Reducing Infrastructure Costs

Reducing Infrastructure Costs

WarpStream infrastructure costs can originate from four different sources:

1. Networking

2. Storage

3. Compute

4. Object Storage API Fees

Networking

With WarpStream, you can avoid 100% of inter-AZ networking fees by properly configuring your Kafka clients.

Unlike Apache Kafka, WarpStream Agents will never manually replicate data across availability zones, but Kafka producer/consumer clients can still connect cross-zone, resulting in inter-zone networking fees.

This happens because by default WarpStream has no way of knowing which availability zone the client is connecting from. To avoid this issue, configure your Kafka clients to announce what availability zone they're running in using a client ID feature, and WarpStream will take care of zonally aligning your Kafka clients (for both Produce and Fetch requests) resulting in almost zero inter-zone networking fees.

Storage

WarpStream uses object storage as the primary and only storage in the system. As a result, storage costs in WarpStream tend to be more than an order of magnitude lower in WarpStream than they are in Apache Kafka. Storage costs can be reduced even further by configuring the WarpStream Agents to store data compressed using ZSTD instead of LZ4. Check out our compression documentation for more details.

Compute

The easiest way to reduce WarpStream Agent compute costs is to auto-scale the Agents based on CPU usage. This feature is built-in to our Helm Chart for Kubernetes.

Object Storage API Fees

WarpStream's entire storage engine is designed around minimizing object storage API fees as much as possible. This is accomplished with a file format that can store data for many different topic-partitions, as well as heavy usage of buffering, batching, and caching in the Agents.

The most expensive source of object storage API fees in WarpStream are the PUT requests required to create files as a result of Produce requests. By default, the WarpStream Agents will buffer data in-memory until one of the following two events occur:

• The batch timeout elapses

  1. Default value: 250ms

  2. Agent flag: -batchTimeout

  3. Agent environment variable: WARPSTREAM_BATCH_TIMEOUT

• A sufficient amount of uncompressed bytes is accumulated

  1. Default value: 4MiB

  2. Agent flag: batchMaxSizeBytes

  3. Agent environment variable: WARPSTREAM_BATCH_MAX_SIZE_BYTES

at which point the Agent will flush a file to the object store and then acknowledge the Produce request as a success back to the client.

To determine how much uncompressed data is stored in the files your Agents are creating for Produce requests, check the average value of the metric: warpstream_agent_segment_batcher_flush_file_size_uncompressed_bytes

If this value is less than the value of batchMaxSizeBytes, then your PUT request costs can be reduced by increasing the amount uncompressed data that is written to each file, resulting in fewer total files being created.

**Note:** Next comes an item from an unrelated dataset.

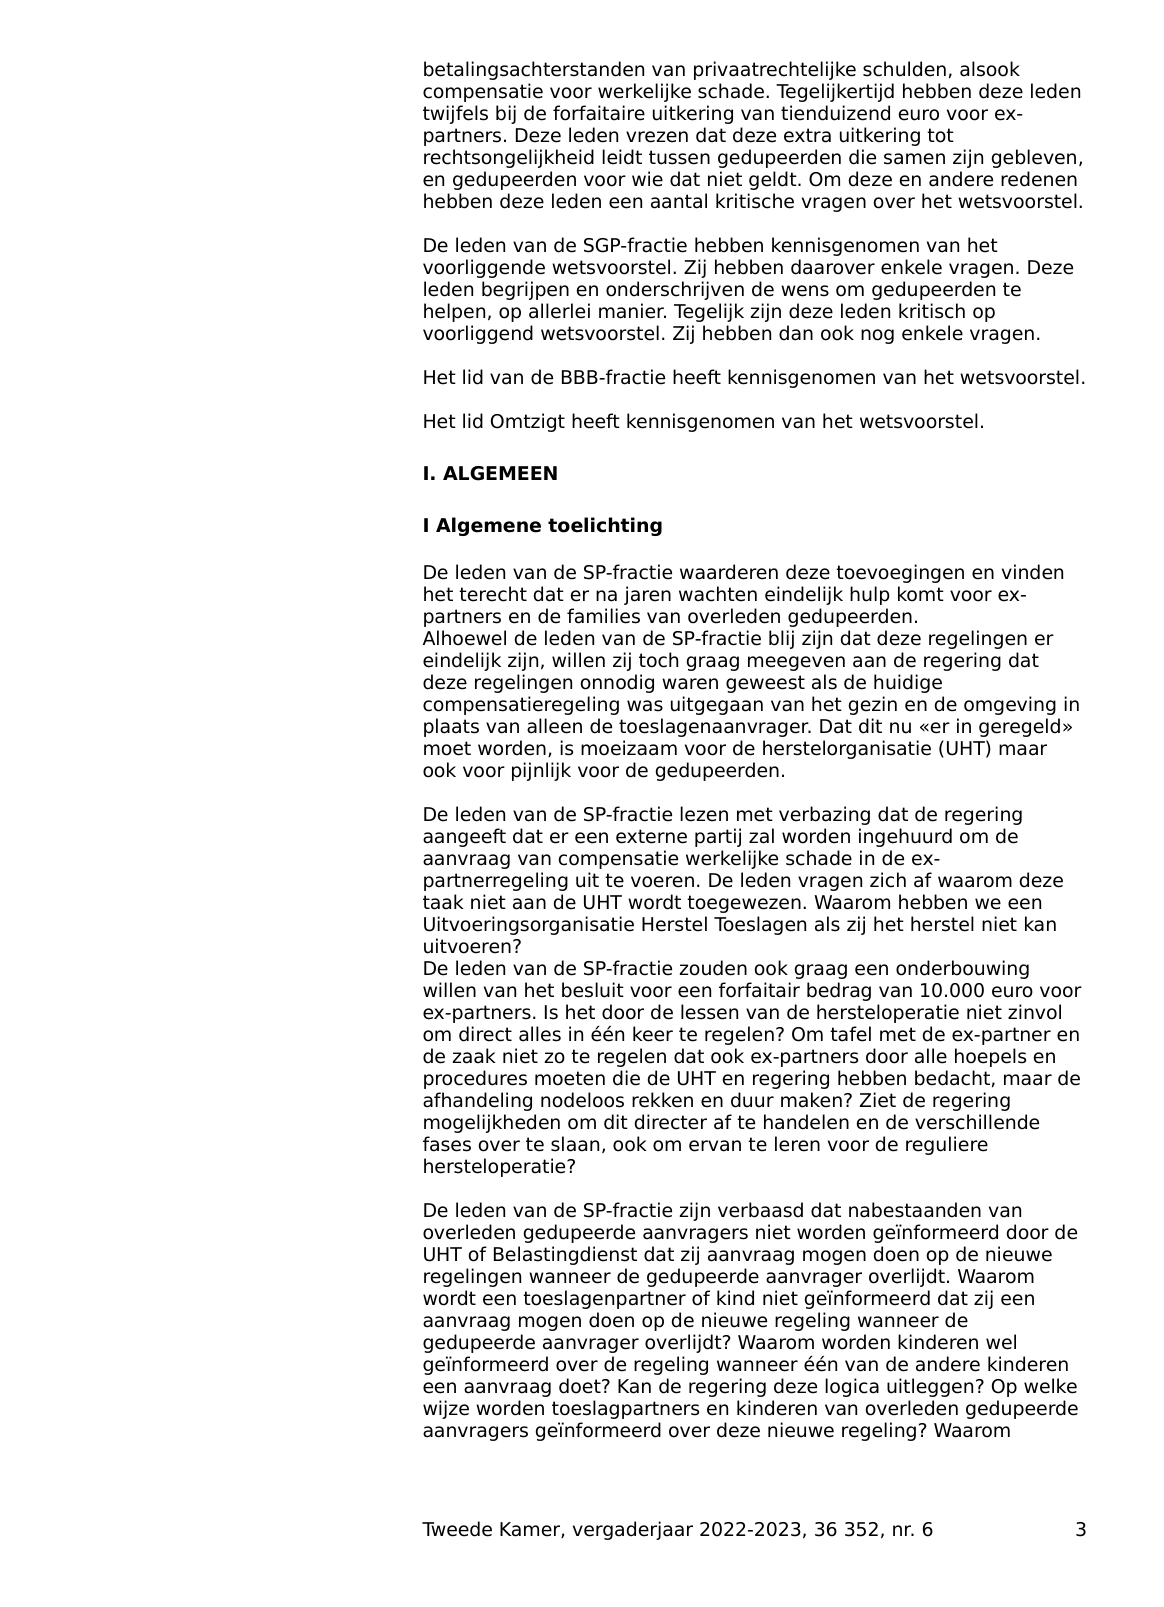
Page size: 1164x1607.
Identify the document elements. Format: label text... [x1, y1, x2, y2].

There are two ways to accomplish this:

1. Reduce the number of Agents that are handling Produce requests. This can be accomplished by running a smaller number of Agents, but using larger instance types. Alternatively, you can use the Agent Roles feature to split Producer / Consumer Agents.

2. Increase the value of batchTimeout. For example, if the average uncompressed size of files created by your Agents is 2MiB, then doubling the batch timeout from 250ms to 500ms should double the uncompressed file size to 4MiB and cut the number of PUT requests in half. The downside of this approach though is that it will increase the latency of Produce requests.

Once the average size of your uncompressed files is approaching the value of batchMaxSizeBytes then you can increase the value of batchMaxSizeBytes and repeat the steps above to further reduce PUT request costs.